Par choix, les anglicismes, termes techniques et raccourcis de vocabulaire sont laissés tels quels – incontournables dans n’importe quelle discussion technique un peu réaliste 🙂

Stéphanie Hertrich : Romain, qui es-tu, d’où viens-tu ?

Romain Champourlier : Je suis Romain Champourlier, CTO de JobTeaser depuis 4 ans.

J’ai fait une école d’ingénieur –  l’ENSI de Caen – avec une spécialité en sécurité et transactions bancaires. J’ai commencé mon parcours professionnel dans un petit cabinet de conseil où j’étais en mission chez BNP Paribas. J’ai appris la gestion de projet classique, à l’ancienne avec le cycle en V mais ça a été très formateur et m’a permis d’acquérir de bonnes bases. J’ai eu envie de repartir davantage dans la technique et l’entrepreneuriat : j’ai passé 3 ans à essayer de monter des projets seul ou avec des associés, mais rien n’a vraiment décollé. En parallèle, j’ai été chassé par Urban Linker pour entrer chez JobTeaser. On me proposait d’être CTO dans une boite qui avait la maturité que j’essayais d’avoir avec mes projets, c’était juste parfait !

Stéphanie, peux-tu te présenter à ton tour ?

Stéphanie Baltus : J’ai commencé par la gestion avec un DUT GEA et un Master MIAGE : difficile de commencer le Java à ce niveau mais quand on a envie, on y va ! J’ai initié ma carrière dans la BI avec un passage à la SNCF puis je suis restée en SSII quelques années. J’ai pu toucher à pas mal de domaines : le luxe, l’industrie…et de technologies (Microsoft, IBM, etc). J’ai ensuite été embauchée chez LeBonCoin en tant que chef de projet BI technique, pour y monter l’équipe.
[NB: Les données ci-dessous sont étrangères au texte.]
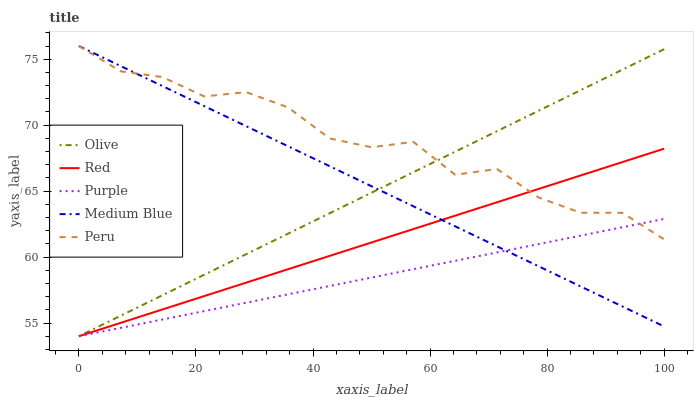Does Purple have the minimum area under the curve?
Answer yes or no. Yes. Does Peru have the maximum area under the curve?
Answer yes or no. Yes. Does Medium Blue have the minimum area under the curve?
Answer yes or no. No. Does Medium Blue have the maximum area under the curve?
Answer yes or no. No. Is Purple the smoothest?
Answer yes or no. Yes. Is Peru the roughest?
Answer yes or no. Yes. Is Medium Blue the smoothest?
Answer yes or no. No. Is Medium Blue the roughest?
Answer yes or no. No. Does Olive have the lowest value?
Answer yes or no. Yes. Does Medium Blue have the lowest value?
Answer yes or no. No. Does Peru have the highest value?
Answer yes or no. Yes. Does Purple have the highest value?
Answer yes or no. No. Does Peru intersect Olive?
Answer yes or no. Yes. Is Peru less than Olive?
Answer yes or no. No. Is Peru greater than Olive?
Answer yes or no. No. 
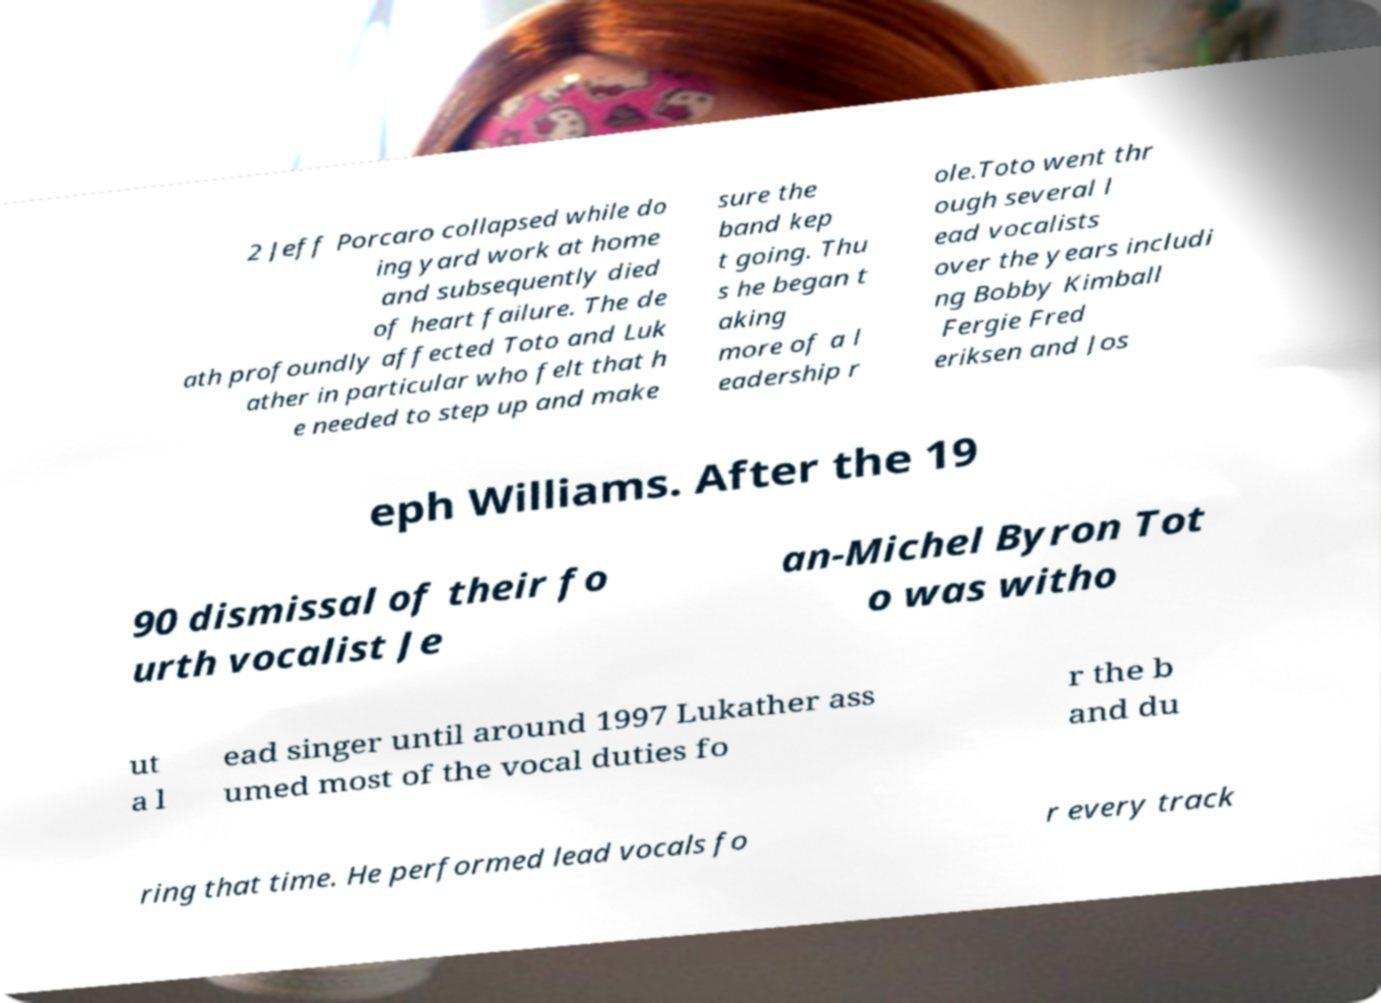I need the written content from this picture converted into text. Can you do that? 2 Jeff Porcaro collapsed while do ing yard work at home and subsequently died of heart failure. The de ath profoundly affected Toto and Luk ather in particular who felt that h e needed to step up and make sure the band kep t going. Thu s he began t aking more of a l eadership r ole.Toto went thr ough several l ead vocalists over the years includi ng Bobby Kimball Fergie Fred eriksen and Jos eph Williams. After the 19 90 dismissal of their fo urth vocalist Je an-Michel Byron Tot o was witho ut a l ead singer until around 1997 Lukather ass umed most of the vocal duties fo r the b and du ring that time. He performed lead vocals fo r every track

Nous avons pu livrer une stack BI, mais tout ce que j’avais mis en oeuvre auparavant était inutilisable au regard des volumétries qu’on peut rencontrer chez LeBonCoin ! Je me suis retrouvée face à des challenges inédits. Par exemple, on est arrivé aux limites des solutions classiques comme Pentaho ou PostgreSQL : notre datawarehouse faisait alors 7 To.

On s’est penché sur les technologies Big Data et on a sorti une architecture cible servant aussi bien les besoins business et d’agilité que ceux du produit. On s’est pas mal amusés avec la stack AWS, Elasticsearch, Spark, Airflow que j’aime beaucoup. Je suis devenue de plus en plus manager et chef de projet alors que j’avais de plus en plus envie de mettre les mains dedans ! C’est comme cela que je me suis retrouvée tout récemment chez JobTeaser. Je suis là pour mettre en place une architecture scalable qui va répondre à nos besoins d’expansion.
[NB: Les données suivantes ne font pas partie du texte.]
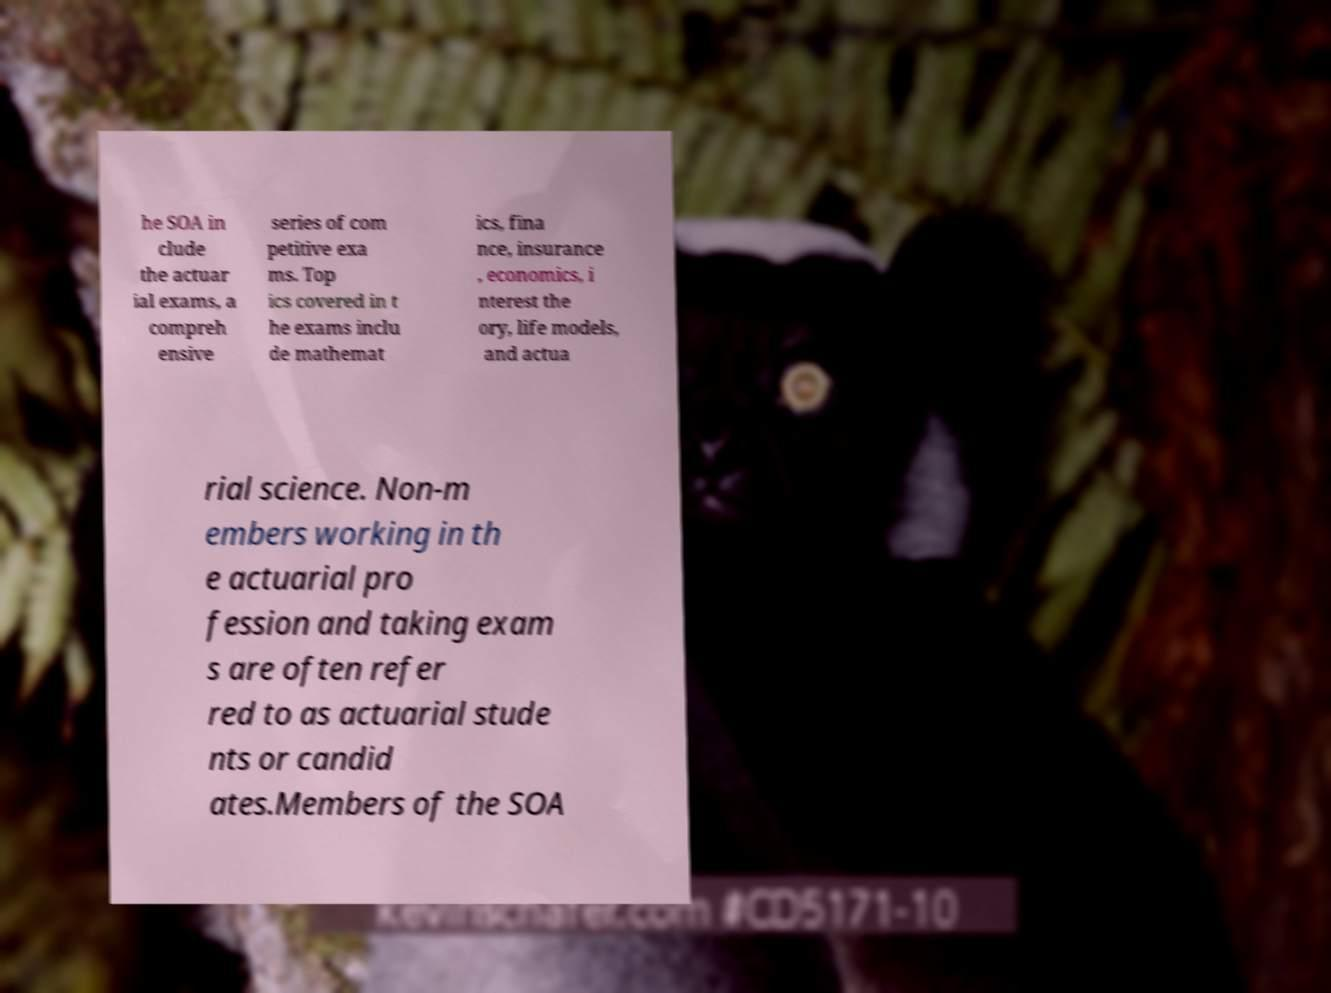I need the written content from this picture converted into text. Can you do that? he SOA in clude the actuar ial exams, a compreh ensive series of com petitive exa ms. Top ics covered in t he exams inclu de mathemat ics, fina nce, insurance , economics, i nterest the ory, life models, and actua rial science. Non-m embers working in th e actuarial pro fession and taking exam s are often refer red to as actuarial stude nts or candid ates.Members of the SOA

Pouvez-vous présenter JobTeaser ?

Romain : JobTeaser existe depuis 2008 et a bien grossi puisque nous sommes maintenant 80 employés dont 30 à la R&D. A la base c’était un media RH et diffusion de marque employeur, avec l’objectif d’aider les étudiants à faire le choix de leur stage et leur premier emploi. La croissance était assez tranquille jusqu’au pivot en 2013, où l’on est passés en SaaS et à une plateforme à destination des universités. Aujourd’hui on a 3 interlocuteurs : les étudiants, les écoles et les entreprises. Ce sont ces dernières qui financent tout ce modèle en diffusant leurs offres d’emploi et leur marque employeur. Ce virage s’est associé à une levée de fond de 3M en 2015 et c’est ce qui nous a permis d’accélérer. On a levé à nouveau 15 millions en mai pour continuer notre développement sur le marché européen.

Quels sont vos enjeux tech ou business majeurs ?

Romain :  Côté dev et produit, nos enjeux sont de répondre à la stratégie de conquête de l’Europe. On est leader en France, mais à l’étranger il nous reste des écoles stratégiques à conquérir. Sur l’expérience utilisateur, on est meilleur que nos concurrents.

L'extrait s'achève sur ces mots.